What do you think it is about climbing itself that makes it so fascinating for people?

CV: I think it’s about doing anything really well. With climbing there’s something very visceral: Everyone is born climbing, everyone knows that feeling. Also the exploration associated with climbing is incredibly romantic and enticing and also aspirational. It makes us think about: What are the frontiers of the human spirit? That’s the larger theme around Free Solo. But I think it’s the same for the scientists who are on the Tibetan Plateau or the photographers who capture the last aboriginals. I think there’s something about frontiers that’s more general. A lot of different things can inspire you.

What for you is the larger message of Alex’s climbing?

CV: How we live with fear and the process by which we can overcome it to achieve our dream. Alex is not a maverick, he’s incredibly methodical. It’s his process that made it work. That’s something tangible. But it was also like going to the moon. What Alex did was such an outrageous dream. And the way he worked for it is incredibly inspiring.

What do you think that audiences will take away from watching Alex do that climb?

CV: I think first and foremost they’re going to be terrified. That terror is something that we as filmmakers are totally desensitized to at this point. I’m looking at things technically, cinematically: Is this the right shot? But the experience I’ve had so far with audiences is that people are absolutely terrified. The film is a very visceral experience for them, which makes me very happy. I think that it does make you question in some way what you are doing with your life: “Alex decided to do this, so what am I doing?” I think it’s a way of calling deliberate attention to the choices that we make. What’s a meaningful life and why?

Do you have a favorite moment in the film? A moment that really stays with you?

CV: There’s that moment when he’s questioning what motivates him and he talks about his mother pushing him and this idea of perfection and then he says, in such a thorough way, “I guess it’s also the endless pit of self-loathing.” When he said that, I though, “Yes, that’s something I can understand, this idea of your self-doubt and how that may motivate you to do something outrageous.” When I heard it in the interview I was floored because it’s not necessarily something he would normally say. It was a very true moment. 
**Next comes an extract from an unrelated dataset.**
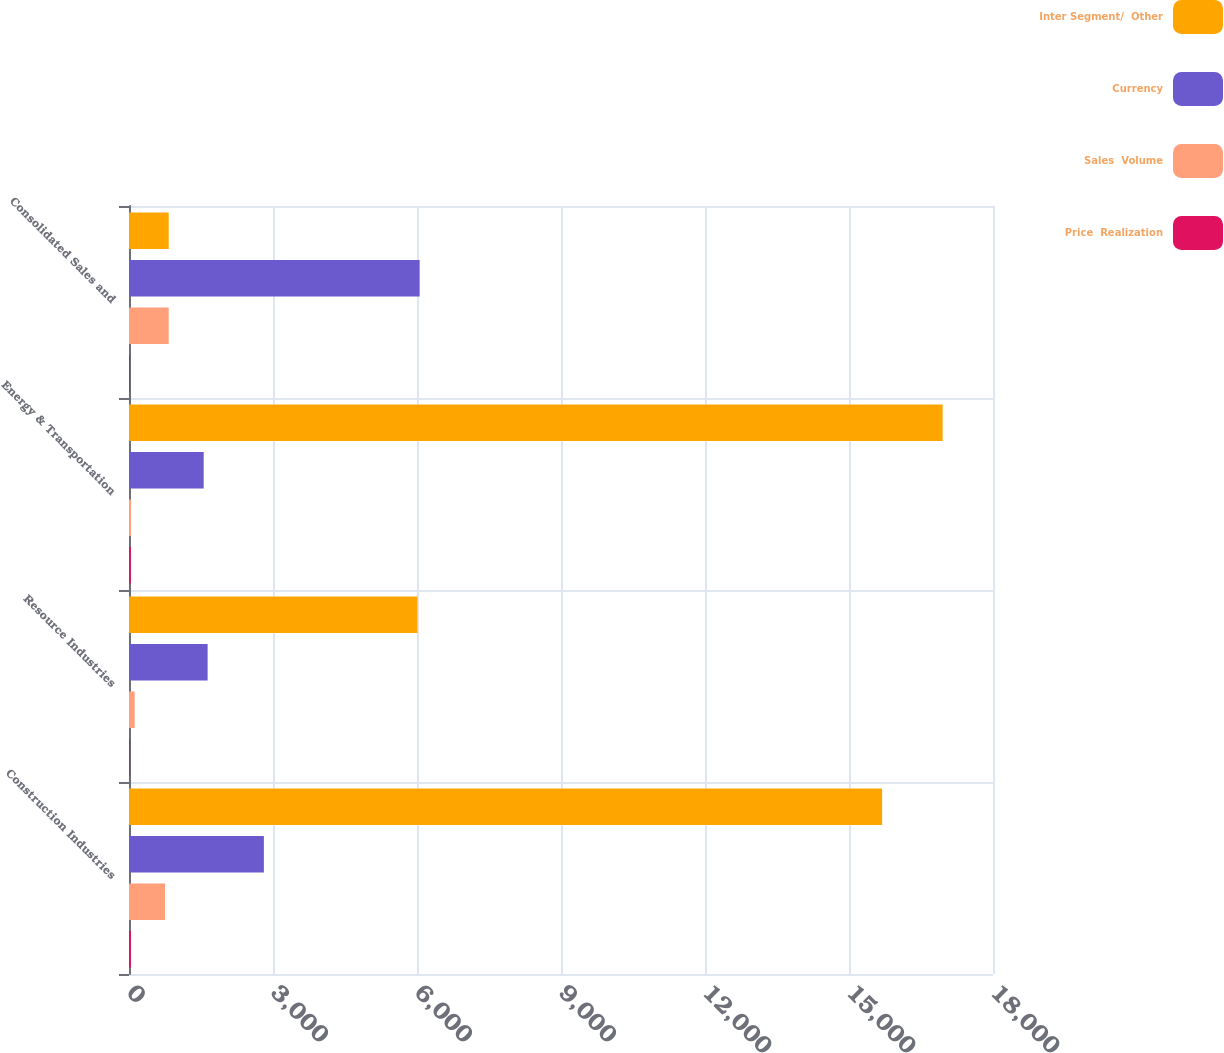Convert chart to OTSL. <chart><loc_0><loc_0><loc_500><loc_500><stacked_bar_chart><ecel><fcel>Construction Industries<fcel>Resource Industries<fcel>Energy & Transportation<fcel>Consolidated Sales and<nl><fcel>Inter Segment/  Other<fcel>15690<fcel>6010<fcel>16951<fcel>827<nl><fcel>Currency<fcel>2810<fcel>1638<fcel>1556<fcel>6055<nl><fcel>Sales  Volume<fcel>751<fcel>118<fcel>42<fcel>827<nl><fcel>Price  Realization<fcel>40<fcel>22<fcel>39<fcel>21<nl></chart>

What also stays with me are those incredibly candid moments with him and Sanni because those are tough and yet they’re very, very honest: the way he listens to her, says he understands, and still talks about what he needs. And then clearly the moment when he gets to the top is so amazing, it stays with you forever. That conversation they have on the phone when he tells her that he loves her. Is that the first time that he’s told her he loves her? You don’t know. Somehow the achievement itself allows him to open up emotionally. 

How do you yourself experience fear and deal with it? 
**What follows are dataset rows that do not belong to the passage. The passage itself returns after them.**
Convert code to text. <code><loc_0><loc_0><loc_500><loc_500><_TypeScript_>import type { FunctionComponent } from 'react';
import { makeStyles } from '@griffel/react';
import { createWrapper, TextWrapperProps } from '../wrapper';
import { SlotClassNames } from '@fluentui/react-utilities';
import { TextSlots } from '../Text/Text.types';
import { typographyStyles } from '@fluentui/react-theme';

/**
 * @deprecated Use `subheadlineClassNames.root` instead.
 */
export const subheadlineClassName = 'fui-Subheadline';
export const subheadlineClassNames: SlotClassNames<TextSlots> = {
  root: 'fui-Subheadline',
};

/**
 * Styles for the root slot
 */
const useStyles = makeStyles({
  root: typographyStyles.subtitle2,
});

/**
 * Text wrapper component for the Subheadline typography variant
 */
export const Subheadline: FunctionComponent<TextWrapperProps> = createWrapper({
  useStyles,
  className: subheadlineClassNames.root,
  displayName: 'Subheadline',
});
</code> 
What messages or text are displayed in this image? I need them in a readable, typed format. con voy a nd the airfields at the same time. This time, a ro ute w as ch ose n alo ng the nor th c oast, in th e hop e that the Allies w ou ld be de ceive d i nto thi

CV: For me, the unknown is scary. It’s both beautiful and scary. I broke my arm a ton of times as a kid, I was very active as a child, and there was a point when I wanted to be a doctor because I wanted to know exactly what was going to happen. That was how I looked at fear. It’s funny given what I’ve done with my profession because I’ve put myself in a lot of situations I can’t control. As a filmmaker, in general you like control because you’re telling stories. But somehow the process of visualizing the unknown always makes me feel more comfortable with fear—which is funny as it pertains to Alex because clearly that is his process too. I think fear visualization is a very real tool. Looking into my fear and seeing what’s there has always helped.